Which feature is least correlated with `"passenger_count"` (either negatively or positively)? (Hint: you might need the polars function for absolute value, `.abs()`. Also, please filter out `null` values as done in the module!)

In [4]:
#### YOUR CODE HERE
corr = (
    rides_df_raw
    .select(pl.col([pl.Int32, pl.Int64, pl.Float64]))
    .filter(
        pl.all_horizontal(pl.all().is_not_null())
    )
    .corr()
)
(
    corr
    .select(
        pl.Series(corr.columns),
        "passenger_count"
    )
    .sort(
        pl.col("passenger_count").abs(),
        descending=False
    )
    .head(2)
)

Unnamed: 0_level_0,passenger_count
str,f64
"""trip_distance""",0.000956
"""improvement_surcharge""",-0.003378


1. `passenger_count` - incorrect - we are not including self-correlation, here.
2. `extra` - incorrect - we are looking for the lowest absolute correlation, so don't forget to take the absolute value!
3. `trip_distance` - correct
4. `vendor_id` - incorrect - we are looking for the least correlated, not the most correlated!

## 9.2. Question 2

Plot `total_amount` as a function of `trip_distance`. Which of the following statements about the resultant plot is false?

In [5]:
#### YOUR CODE HERE
rides_df_raw.sample(10000).plot(x="trip_distance", y="total_amount", kind="scatter")

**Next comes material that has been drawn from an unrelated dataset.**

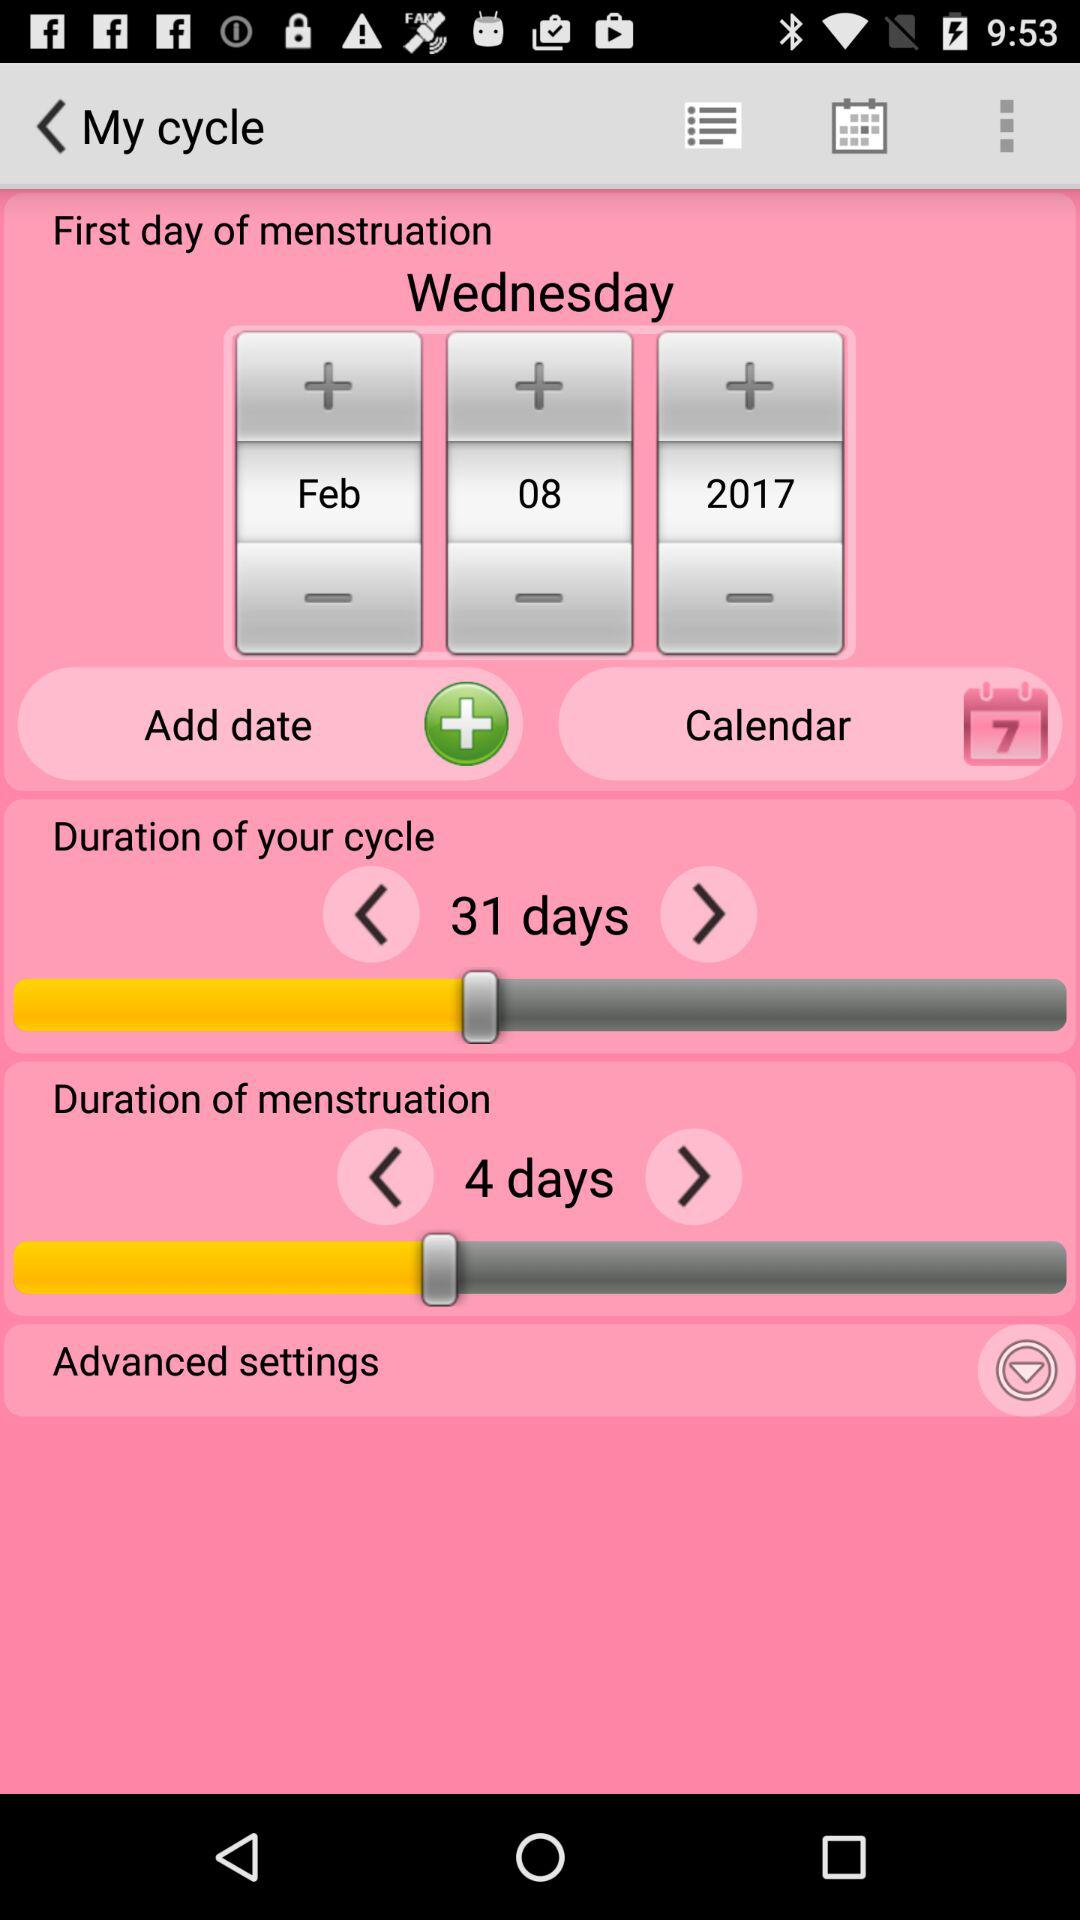How long is the cycle duration? The cycle duration is 31 days.

ModuleUpgradeRequiredError: altair>=5.4.0 is required for `.plot`

1. There is a second sub-majority of the data which adheres to a correlation line which has a slope of approximately `$20/mile - $22/mile`. - correct - there is no such correlation line.
2. The majority of the data adheres to a correlation line which has a slope of approximately `$5/mile - $7/mile`. - incorrect - this statement is true; there is some data which deviates from this trend, but it is the majority.
3. Some rides appear to have a negative trip distance. - incorrect - this statement is true, in fact there is a highly non-neglible amount of rides with a negative trip distance.
4. A non-negligible minority of the data appears to have a trip distance of exactly 0. - incorrect - This statement is true, in fact there is a spike of data along the y-axis, where trip distance equals 0.

## 9.3. Question 3

Plot an ECDF of 'fare_amount'. Is the resultant distribution unimodal or multimodal (i.e. is there one peak to the distribution or multiple)? (Hint: exclude any noisy spikes!)

In [None]:
#### YOUR CODE HERE
rides_df_raw.plot.hist("fare_amount", bins=1000, xlim=(-1, 200))

1. Unimodal - correct
2. Multimodal - incorrect

## 9.4. Question 4

Given the following toy dataframe of `y_predicted` and `y_truth`, measure the `mean_absolute_error`. True or False: the result is greater than `.5`. (Hint: use the `sklearn` implementation of `mean_absolute_error`.)

In [None]:
toy_result_df = pl.DataFrame({
    "y_predicted": [0, 1, 0, 0, 1, 0, 1, 0, 1, 1, 0, 1, 0, 1, 1, 0, 1, 0, 1, 0, 0, 0, 1, 0, 1, 0, 1, 1, 1, 0, 1, 1, 0, 0, 1, 0, 1, ],
    "y_truth": [1, 1, 0, 1, 0, 1, 0, 1, 0, 1, 1, 0, 1, 0, 1, 0, 1, 0, 1, 0, 1, 1, 1, 1, 0, 1, 0, 1, 0, 1, 0, 1, 1, 0, 1, 0, 1, ]
})
#### YOUR CODE HERE
print(mean_absolute_error(toy_result_df["y_truth"], toy_result_df["y_predicted"]))

1. True - correct
2. False - incorrect

## 9.5. Question 5

In the module, we reviewed the function `.sample()`, and used it to reduce our data to a fixed number of rows; to this end, we passed in simply the number of rows that we wanted in the result with e.g. `.sample(10000)`. However, `.sample()` also provides the option to pass in a fraction of rows, with `.sample(fraction=X)`, where `X` must be between 0 and 1. Use this new way of using the function to reduce the data to 2% of its original size. What is the shape of the result?

In [None]:
result = (
    rides_df_raw
    .sample(.02)
    .shape
)
print(result)

1. 3582628 - incorrect - looks like the `.sample()` didn't work--`3582628` is just the size of the entire dataframe!
2. 2 - incorrect - if you're going to pass in a fraction as an argument, you have to pass it to the keyword argument "fraction"!
3. 0 - incorrect - Make sure to convert `2%` to a fraction, and use the "fraction" keyword argument!
4. 71652 - correct